How do one properly react to the Yoghurt House Treatment? Grim and bear it, after all, you're just a guest right? For those suggesting (boasting) that Yoghurt House would survive because of its foreign clientele and actually don't need local tourists, I salute and congratulate you. For your pride. You need that.

Not seriously, there's something that I overheard one can do. Ask Yoghurt House for your official receipt for the BIR (Bureau of Internal Revenue). No, I am not thinking what you're thinking that you start looking for that BIR sign asking you to ask for official receipts, otherwise you think it's tax evasion (BIR CAR Region: (074)442-69-60/(074)443-84-19. BIR National Office Enforcement Service: (02)922-4793/(02)925-2693/(02) 925-2693). No, not that.

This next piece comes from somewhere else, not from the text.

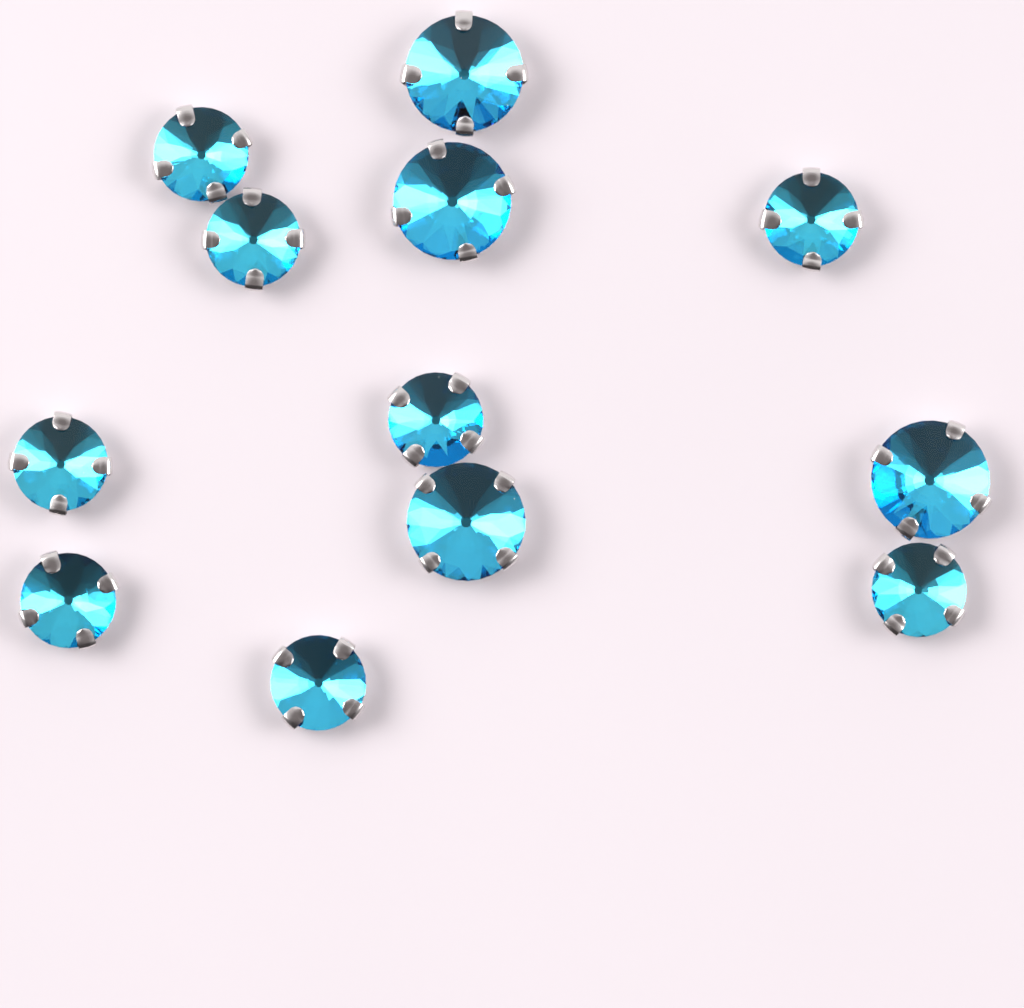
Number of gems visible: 12

What I am only saying is that by asking official receipts from Yoghurt House, you can text your entry for Premyo sa Resibo. It's a BIR contest wherein you can win 1 Million every week or every month. When you win, at least you can say with love, "Thank you, yoghurt bitc**s, muah."

Yoghurt House. It'yogs. It Hurts. It's my House.

Mustachio said...
October 30, 2011 at 2:16 PM

drooling for yogurt!!!!

Didith Rocco said...
February 25, 2013 at 4:12 PM

why not try the lucky's shanghai hauz for thebest food in sagada, lutong bahay talaga n the lucky morels inn, iv'e tried this place two thumbs up!!! i recommend this place for tourists coz panalo ka dito, the place is much visited by the backpackers n mountaineers even foreigners n local, homey atmosphere super quiet, masarap matulog, masarap kumain n very accommodating pa ng owner, pls contact 09107078175 ask for ms lily

noelfy said...
September 17, 2013 at 3:31 PM

I was dreaming with having a yogurt and felt in love with yogurt house!